*Task prompt*
Please make an exact copy of the lines from the one holding "Task: Navigate to" through the end of the data, both ends included, with no pictures.

*Supplied material*
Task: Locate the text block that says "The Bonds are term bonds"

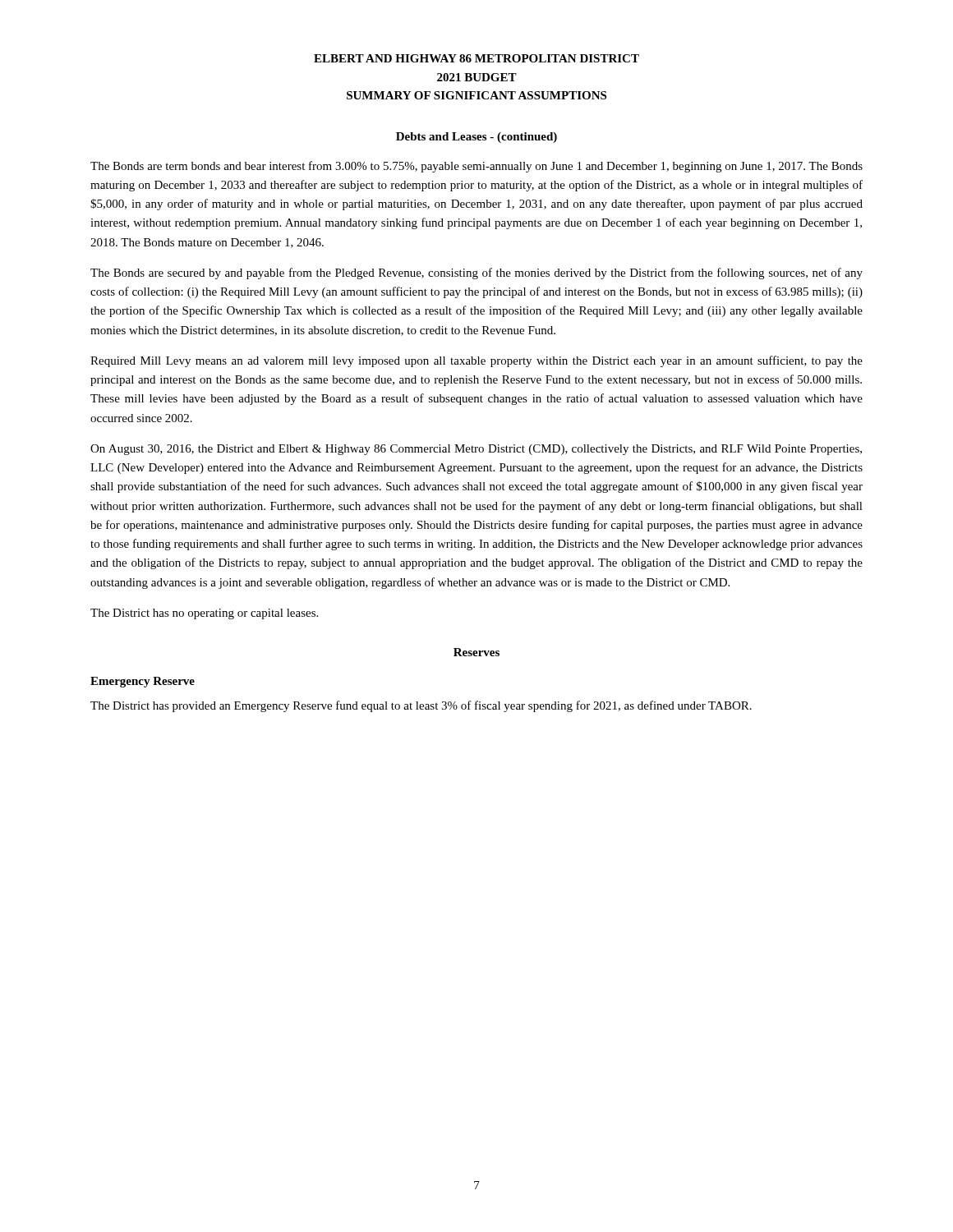Action: [476, 204]
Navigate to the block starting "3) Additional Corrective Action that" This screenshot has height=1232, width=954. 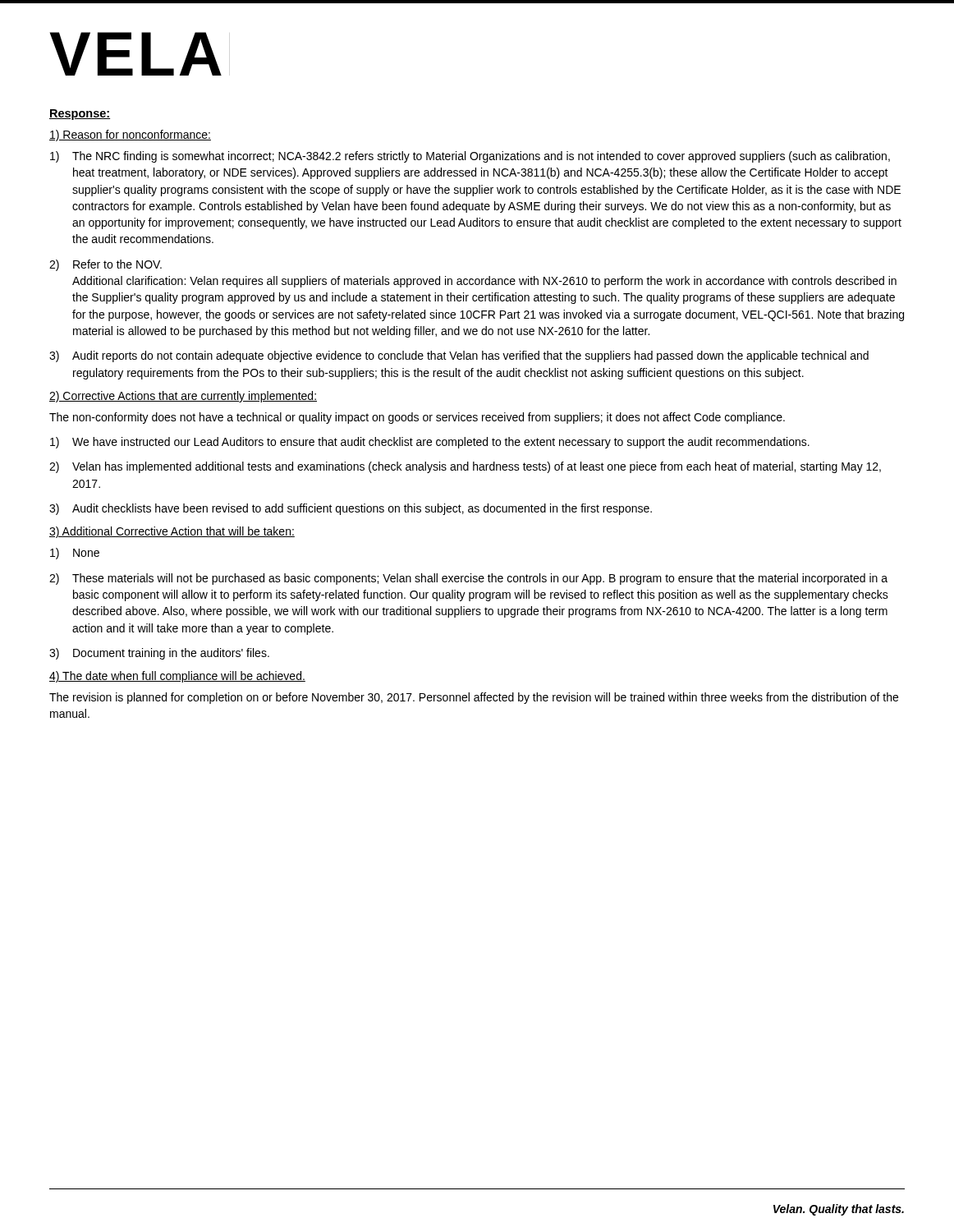(172, 532)
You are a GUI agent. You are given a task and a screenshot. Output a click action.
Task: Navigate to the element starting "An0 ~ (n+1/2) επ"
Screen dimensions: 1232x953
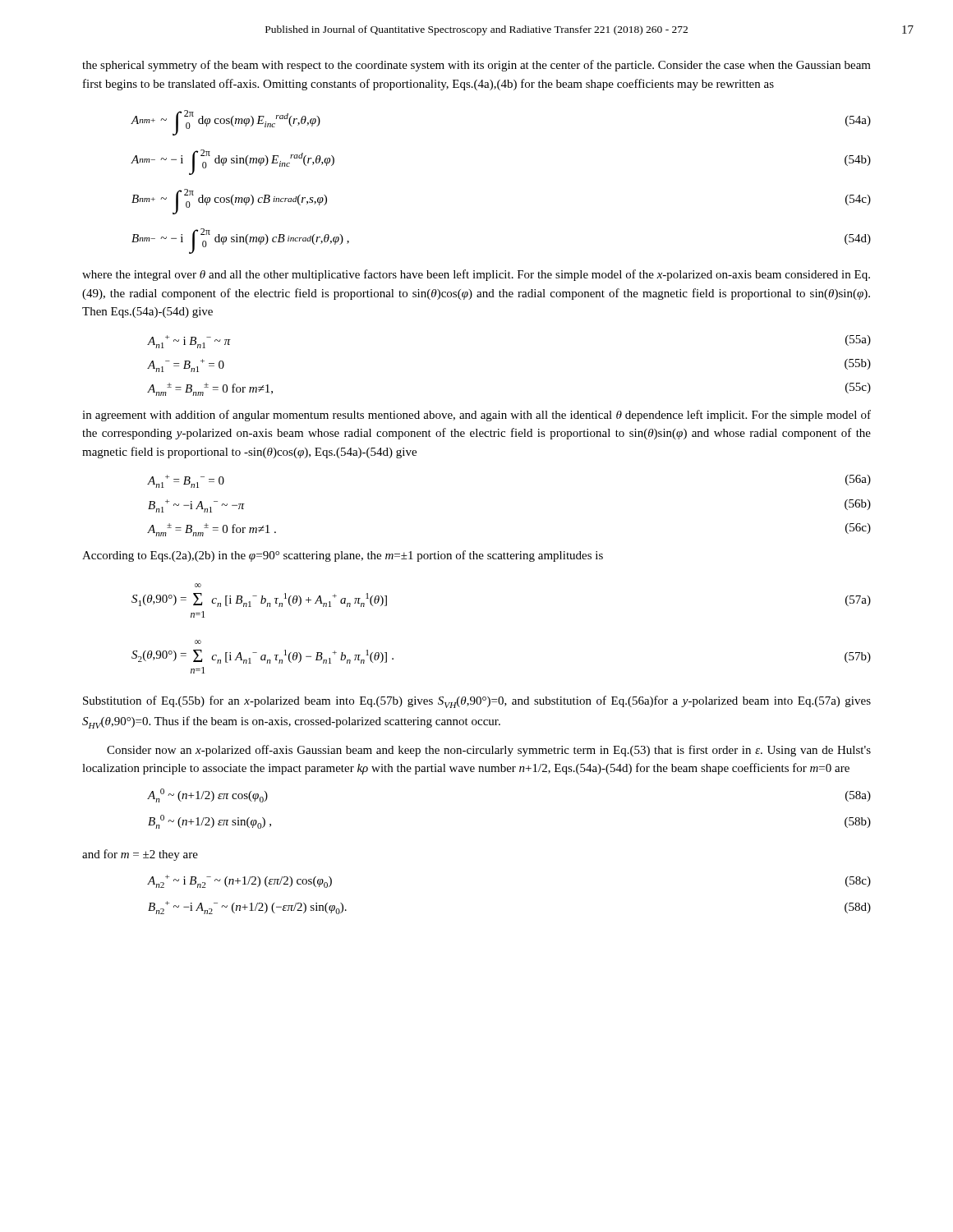[x=203, y=795]

*Solution to this exercise*
Task: Navigate to the element starting "An0 ~ (n+1/2) επ"
Screen dimensions: 1232x953
[x=203, y=795]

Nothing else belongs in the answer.